EX-99.2 4 ex992201473proforma.htm EXHIBIT 99.2 EX99.2 2014.7.3 Proforma


EXHIBIT 99.2




DARLING INGREDIENTS INC. (Formerly Darling International Inc.)
Unaudited Pro Forma Condensed Consolidated Financial Information
December 28, 2013
(Unaudited)







DARLING INGREDIENTS INC. (Formerly Darling International Inc.)

Unaudited Pro Forma Condensed Consolidated Financial Information
December 28, 2013
(Unaudited)

Table of Contents

 
 
Page
 
 
 
Overview of Unaudited Pro Forma Condensed Consolidated Statement of Operations for the year ended December 28, 2013
 
1
 
 
 
Unaudited Pro Forma Condensed Consolidated Statement of Operations for the year ended December 28, 2013
 
2
 
 
 
Notes to the Unaudited Pro Forma Condensed Consolidated Financial Information
3







DARLING INGREDIENTS INC. (Formerly Darling International Inc.)

Unaudited Pro Forma Condensed Consolidated Financial Information
December 28, 2013
(Unaudited)



Overview

On January 7, 2014, Darling International Inc., which subsequently changed its name to Darling Ingredients, Inc. on May 7, 2014 ("Darling" or the "Company"), acquired the VION Ingredients business division ("VION Ingredients") of VION Holding, N.V., a Dutch limited liability company ("VION"), by purchasing all of the shares of VION Ingredients International (Holding) B.V., and VION Ingredients Germany GmbH, and 60% of Best Hides GmbH (collectively, the "VION Companies"), pursuant to a Sale and Purchase Agreement dated October 5, 2013, as amended, between Darling and VION (the “VION Acquisition”). The VION Ingredients business is now conducted under the name Darling Ingredients International. The purchase price for the transaction was approximately €1.6 billion in cash (approximately $2.2 billion at the exchange rate of €1.00:USD$1.3605). The purchase price was financed through (i) borrowings under the Company’s senior secured revolving credit facility and term loan facilities; (ii) proceeds from the Company’s $874.0 million public common stock offering in the fourth quarter of fiscal 2013; and (iii) proceeds from the private offering of $500.0 million aggregate principal amount of the Company’s 5.375% Senior Notes due 2022, that closed on January 2, 2014. In addition, on October 28, 2013, Darling completed the acquisition of substantially all of the assets of Rothsay ("Rothsay"), a division of Maple Leaf Foods, Inc. ("MFI"), a Canadian corporation, pursuant to an Acquisition Agreement between MFI and Darling dated August 23, 2013 (the "Rothsay Acquisition").
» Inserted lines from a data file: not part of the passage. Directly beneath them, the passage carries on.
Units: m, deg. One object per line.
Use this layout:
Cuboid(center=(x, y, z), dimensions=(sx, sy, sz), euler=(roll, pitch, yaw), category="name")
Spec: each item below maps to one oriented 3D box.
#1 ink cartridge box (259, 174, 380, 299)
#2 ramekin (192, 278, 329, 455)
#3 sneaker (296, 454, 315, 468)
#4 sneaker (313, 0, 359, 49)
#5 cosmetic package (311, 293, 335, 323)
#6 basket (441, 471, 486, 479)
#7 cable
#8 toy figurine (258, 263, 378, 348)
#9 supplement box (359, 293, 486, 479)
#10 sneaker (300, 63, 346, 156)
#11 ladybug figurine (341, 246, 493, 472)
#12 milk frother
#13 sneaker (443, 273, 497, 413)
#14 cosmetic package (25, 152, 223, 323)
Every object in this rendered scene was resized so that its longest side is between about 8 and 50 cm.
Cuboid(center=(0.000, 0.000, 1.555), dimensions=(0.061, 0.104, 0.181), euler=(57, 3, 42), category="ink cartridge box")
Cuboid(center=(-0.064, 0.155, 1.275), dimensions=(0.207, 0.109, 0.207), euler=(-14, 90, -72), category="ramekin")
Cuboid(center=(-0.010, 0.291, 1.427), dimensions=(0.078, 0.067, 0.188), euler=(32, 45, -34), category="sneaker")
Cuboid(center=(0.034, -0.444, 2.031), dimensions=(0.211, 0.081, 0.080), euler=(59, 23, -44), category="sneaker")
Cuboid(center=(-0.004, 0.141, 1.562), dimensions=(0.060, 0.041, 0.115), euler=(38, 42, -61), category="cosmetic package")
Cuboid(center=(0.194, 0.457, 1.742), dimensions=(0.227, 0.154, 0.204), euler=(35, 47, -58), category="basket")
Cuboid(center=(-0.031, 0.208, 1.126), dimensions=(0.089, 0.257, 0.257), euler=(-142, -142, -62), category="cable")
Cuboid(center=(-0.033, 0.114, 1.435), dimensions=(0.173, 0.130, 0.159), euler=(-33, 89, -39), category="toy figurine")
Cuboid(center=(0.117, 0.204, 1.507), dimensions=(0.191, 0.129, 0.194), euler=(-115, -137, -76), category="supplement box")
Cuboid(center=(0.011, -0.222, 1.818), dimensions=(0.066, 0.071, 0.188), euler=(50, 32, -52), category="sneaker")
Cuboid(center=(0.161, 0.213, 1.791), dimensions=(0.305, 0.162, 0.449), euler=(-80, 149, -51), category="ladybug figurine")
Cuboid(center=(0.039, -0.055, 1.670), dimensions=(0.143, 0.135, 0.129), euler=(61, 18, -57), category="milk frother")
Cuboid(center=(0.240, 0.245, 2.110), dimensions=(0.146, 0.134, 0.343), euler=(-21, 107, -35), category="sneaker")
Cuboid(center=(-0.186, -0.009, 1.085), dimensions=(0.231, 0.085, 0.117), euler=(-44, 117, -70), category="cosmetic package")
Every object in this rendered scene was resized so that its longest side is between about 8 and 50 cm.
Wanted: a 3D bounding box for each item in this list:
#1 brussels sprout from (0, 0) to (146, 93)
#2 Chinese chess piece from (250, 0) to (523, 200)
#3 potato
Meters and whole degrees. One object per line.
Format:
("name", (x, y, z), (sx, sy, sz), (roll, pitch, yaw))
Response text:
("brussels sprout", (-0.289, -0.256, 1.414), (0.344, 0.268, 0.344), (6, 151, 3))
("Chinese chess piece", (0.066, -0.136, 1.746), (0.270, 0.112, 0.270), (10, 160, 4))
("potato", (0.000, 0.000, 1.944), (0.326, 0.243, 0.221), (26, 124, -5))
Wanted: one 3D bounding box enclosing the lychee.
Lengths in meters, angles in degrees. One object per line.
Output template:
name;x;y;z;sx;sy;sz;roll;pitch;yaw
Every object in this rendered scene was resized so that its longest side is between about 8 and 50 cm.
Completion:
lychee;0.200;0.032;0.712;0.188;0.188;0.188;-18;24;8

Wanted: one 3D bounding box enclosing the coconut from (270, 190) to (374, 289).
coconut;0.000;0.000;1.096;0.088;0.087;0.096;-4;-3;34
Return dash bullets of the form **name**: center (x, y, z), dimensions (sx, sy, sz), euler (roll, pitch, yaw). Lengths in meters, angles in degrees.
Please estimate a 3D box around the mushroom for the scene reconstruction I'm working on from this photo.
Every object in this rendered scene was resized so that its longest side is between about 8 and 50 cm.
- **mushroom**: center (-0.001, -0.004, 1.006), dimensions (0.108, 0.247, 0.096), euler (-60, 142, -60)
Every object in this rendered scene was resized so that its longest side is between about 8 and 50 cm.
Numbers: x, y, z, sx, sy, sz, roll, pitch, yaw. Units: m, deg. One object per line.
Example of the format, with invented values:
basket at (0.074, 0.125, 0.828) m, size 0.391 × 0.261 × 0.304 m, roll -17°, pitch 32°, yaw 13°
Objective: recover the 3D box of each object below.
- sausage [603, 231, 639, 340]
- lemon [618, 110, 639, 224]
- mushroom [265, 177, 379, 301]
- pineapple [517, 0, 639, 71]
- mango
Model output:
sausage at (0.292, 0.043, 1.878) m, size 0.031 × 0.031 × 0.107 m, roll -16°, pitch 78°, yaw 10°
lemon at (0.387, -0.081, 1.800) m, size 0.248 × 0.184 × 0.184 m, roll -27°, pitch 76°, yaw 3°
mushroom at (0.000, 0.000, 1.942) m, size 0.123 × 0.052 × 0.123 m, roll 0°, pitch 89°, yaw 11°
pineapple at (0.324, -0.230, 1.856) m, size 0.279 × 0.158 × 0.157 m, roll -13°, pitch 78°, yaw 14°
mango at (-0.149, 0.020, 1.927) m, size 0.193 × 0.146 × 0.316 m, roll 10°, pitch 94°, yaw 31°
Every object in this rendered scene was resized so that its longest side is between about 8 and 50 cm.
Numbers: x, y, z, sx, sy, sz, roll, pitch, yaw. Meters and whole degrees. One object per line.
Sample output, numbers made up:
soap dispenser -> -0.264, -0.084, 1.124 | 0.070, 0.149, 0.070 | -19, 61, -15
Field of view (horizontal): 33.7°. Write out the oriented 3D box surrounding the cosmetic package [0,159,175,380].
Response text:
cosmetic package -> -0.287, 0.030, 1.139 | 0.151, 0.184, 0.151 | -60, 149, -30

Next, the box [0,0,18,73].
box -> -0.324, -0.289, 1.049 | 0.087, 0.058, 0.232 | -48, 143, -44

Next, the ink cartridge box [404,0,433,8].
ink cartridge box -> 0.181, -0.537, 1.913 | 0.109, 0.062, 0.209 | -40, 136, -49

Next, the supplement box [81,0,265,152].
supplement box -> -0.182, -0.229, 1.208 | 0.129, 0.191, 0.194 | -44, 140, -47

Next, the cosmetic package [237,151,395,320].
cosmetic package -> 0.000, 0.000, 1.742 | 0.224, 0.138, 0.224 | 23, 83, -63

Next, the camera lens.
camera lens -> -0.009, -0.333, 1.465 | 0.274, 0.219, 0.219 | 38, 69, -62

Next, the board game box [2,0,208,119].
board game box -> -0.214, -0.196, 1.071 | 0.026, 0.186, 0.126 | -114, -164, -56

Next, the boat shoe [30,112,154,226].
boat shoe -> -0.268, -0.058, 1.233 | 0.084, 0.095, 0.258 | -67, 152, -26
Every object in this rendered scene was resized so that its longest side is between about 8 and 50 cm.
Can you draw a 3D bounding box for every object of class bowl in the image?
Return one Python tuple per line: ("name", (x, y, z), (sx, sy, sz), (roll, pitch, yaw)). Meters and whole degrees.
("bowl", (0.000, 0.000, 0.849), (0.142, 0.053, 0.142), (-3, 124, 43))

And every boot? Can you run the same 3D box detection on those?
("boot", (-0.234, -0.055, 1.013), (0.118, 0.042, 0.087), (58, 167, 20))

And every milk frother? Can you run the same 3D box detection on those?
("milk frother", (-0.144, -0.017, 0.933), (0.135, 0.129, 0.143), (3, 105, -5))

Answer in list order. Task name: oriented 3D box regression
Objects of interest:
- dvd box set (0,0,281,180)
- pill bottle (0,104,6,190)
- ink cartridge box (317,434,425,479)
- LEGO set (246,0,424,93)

The Company’s unaudited Consolidated Balance Sheet as March 28, 2013 was included in the Company's quarterly report on Form 10-Q as filed with the SEC and included the balance sheet of Darling Ingredients Inc. and consolidated subsidiaries including the impact of the VION and Rothsay Acquisitions.
The Company's Unaudited Pro Forma Condensed Consolidated Statement of Operations for the year ended December 28, 2013 included herein, is based on the audited Consolidated Statement of Operations of the Company for the year ended December 28, 2013, the unaudited Statement of Net Revenues and Direct Costs and Operating Expenses of Rothsay for the nine months ended September 28, 2013, and the audited Consolidated and Combined Profit and Loss Accounts of VION Ingredients for the year ended December 31, 2013, after giving effect to the Company's VION and Rothsay Acquisitions as if each had occurred on December 30, 2012, and includes the assumptions and adjustments as described in the accompanying notes hereto.
The Company's unaudited Pro Forma Condensed Consolidated Statement of Operations for the three-month period ended March 29, 2014 has not been presented as the unaudited Consolidated Statement of Operations for the three-month period ended March 29, 2014 was included in the Company's quarterly report on Form 10-Q as filed with the SEC and included the Statement of Operations of Darling Ingredients Inc. and consolidated subsidiaries, including the impact of the VION and Rothsay acquisitions. The impact of the VION Acquisition for the period December 29, 2013 through January 6, 2014 is immaterial to the Company.
The Unaudited Pro Forma Condensed Consolidated Financial Information should be read in conjunction with the historical consolidated financial statements and accompanying notes of VION Ingredients and Rothsay that are included in this Form 8-K and the historical financial statements of the Company that have been previously filed with the SEC.

1





DARLING INGREDIENTS INC. (Formerly Darling International Inc.)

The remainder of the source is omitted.